2)Nucleating agent: Nucleating agents that are not added or added in insufficient amounts (such as fine particles like zinc oxide) cannot provide sufficient bubble nucleating points, resulting in a small number of bubbles but large individual bubbles.
3)Pressure control: Mold pressure and injection pressure affect the nucleation and growth of bubbles. Releasing pressure too quickly will cause the bubbles to expand rapidly.
二,Surface quality issues
1.Rough surface, orange peel, and bubbles
Phenomenon: The product's appearance is not smooth, with a texture similar to orange peel, and even bubbles with surface cracks can be seen.
Reason:
1)Excessively high mold temperature: When the rubber compound comes into contact with the surface of the mold cavity, the surface foaming agent decomposes violently in an instant, and the gas breaks through the unvulcanized surface, causing roughness and bubbles.
2) Adhesion of the rubber compound to the mold: Before the rubber compound expands, it fails to adhere well to the surface of the mold cavity, and gas accumulates at the interface to form surface bubbles.
3)The surface finish of the mold: If the mold itself is not smooth enough, it will aggravate surface problems.
2. The surface skin is either too thick or too thin
Phenomenon: Foamed products usually have a dense skin layer. Too thick leather affects its softness, while too thin leather affects its strength and appearance.
Reason:
1)Mold temperature: Mold temperature is the key to forming the skin. High mold temperature causes the surface rubber compound to vulcanize rapidly, preventing foaming and forming a thin skin.
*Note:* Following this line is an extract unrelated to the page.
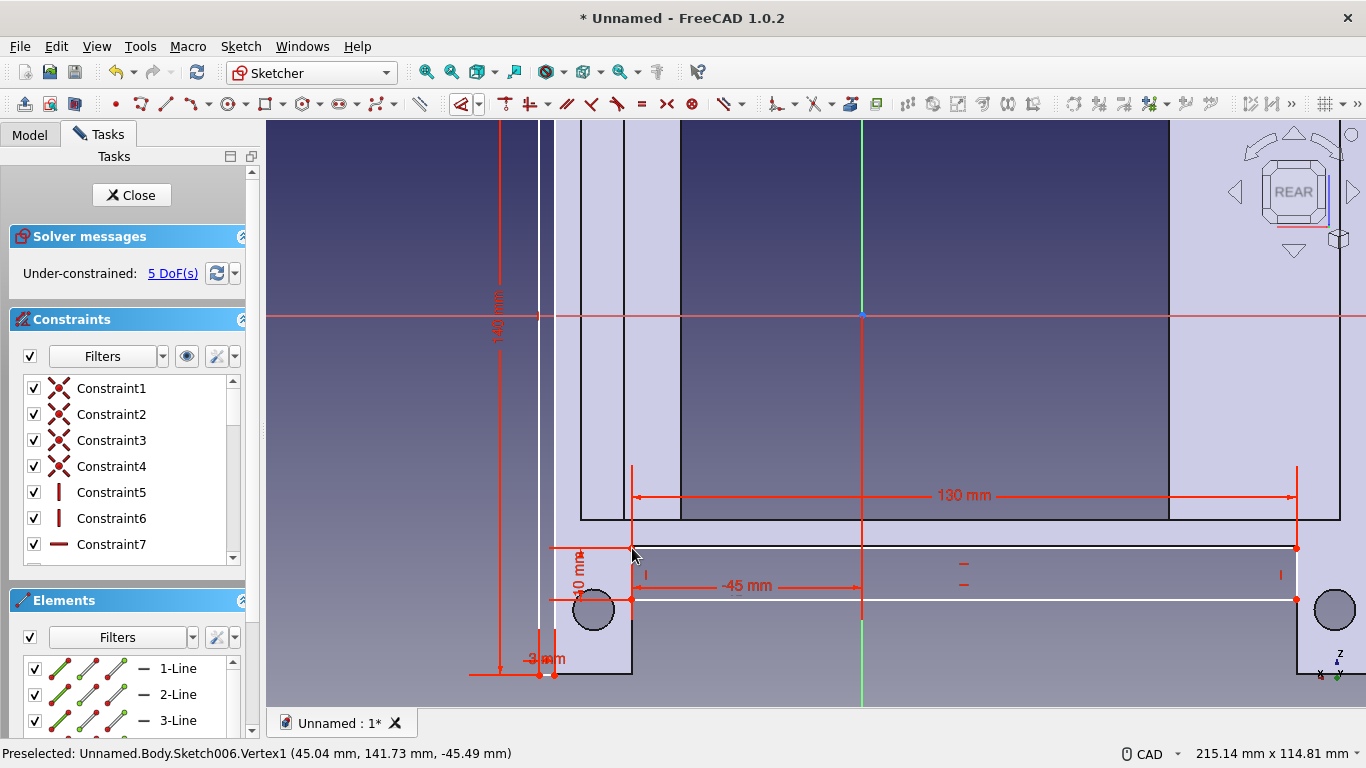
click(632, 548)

The mold temperature is low, the surface vulcanization is slow, and the gas generated inside may lift the surface layer, forming a porous thick skin.
2) Thermal conductivity of the rubber compound: Poor thermal conductivity of the rubber compound can lead to a large temperature difference between the inside and outside, accelerating the formation of the skin layer.
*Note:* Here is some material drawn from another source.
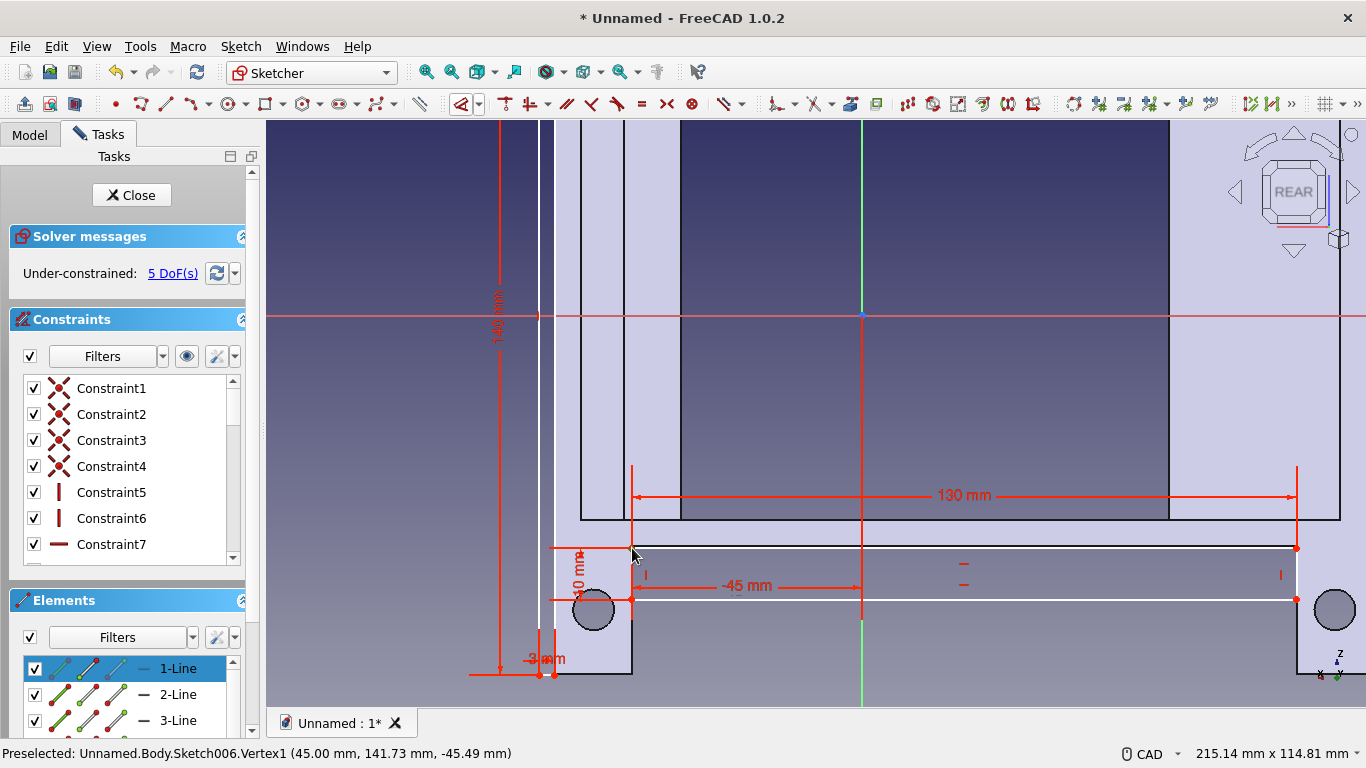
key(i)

三,Issues regarding Dimensions and Physical Properties
1.Large density deviation
Phenomenon: Unstable product density, or uneven density in different parts of the same product.
Reason:
1)Inaccurate injection volume: This is the most direct cause. The injection volume for each mold cavity must be precise and consistent.
2)Unstable foaming process: All the above-mentioned cell problems (unevenness, different sizes) will cause density fluctuations.
3)Insufficient vulcanization: Products with insufficient vulcanization have poor support and may be overly compressed after demolding, resulting in higher density measurement values.
2. Large shrinkage rate or deformation
phenomenon: The product shrinks severely after demolding, or warps and twists occur.
Reason:
1)Cell structure: For products with an open-cell structure, after demolding, the internal gas escapes, which can cause significant dimensional shrinkage.
2)Insufficient vulcanization: The crosslinking density is not high enough, the polymer chain segments cannot be effectively fixed, and the shrinkage rate increases.
3) Uneven cooling: After the product is taken out of the mold, if the cooling rates of different parts are not consistent, internal stress will be generated, leading to deformation.
4)Mold design: The ejector pin design is unreasonable, causing the product to deform during the ejection process.
3. Poor resilience and compression set
phenomenon: The product cannot return to its original shape after being compressed, resulting in permanent indentations.
Reason:
1)Cell structure: An excessively high open-cell ratio is the main cause of poor permanent compression set.
2)Degree of vulcanization: Severe under-vulcanization can lead to insufficient strength of the silicone rubber molecular network, making it unable to provide adequate resilience.
3)The inherent properties of the rubber compound: The selected base silicone raw rubber has poor resilience.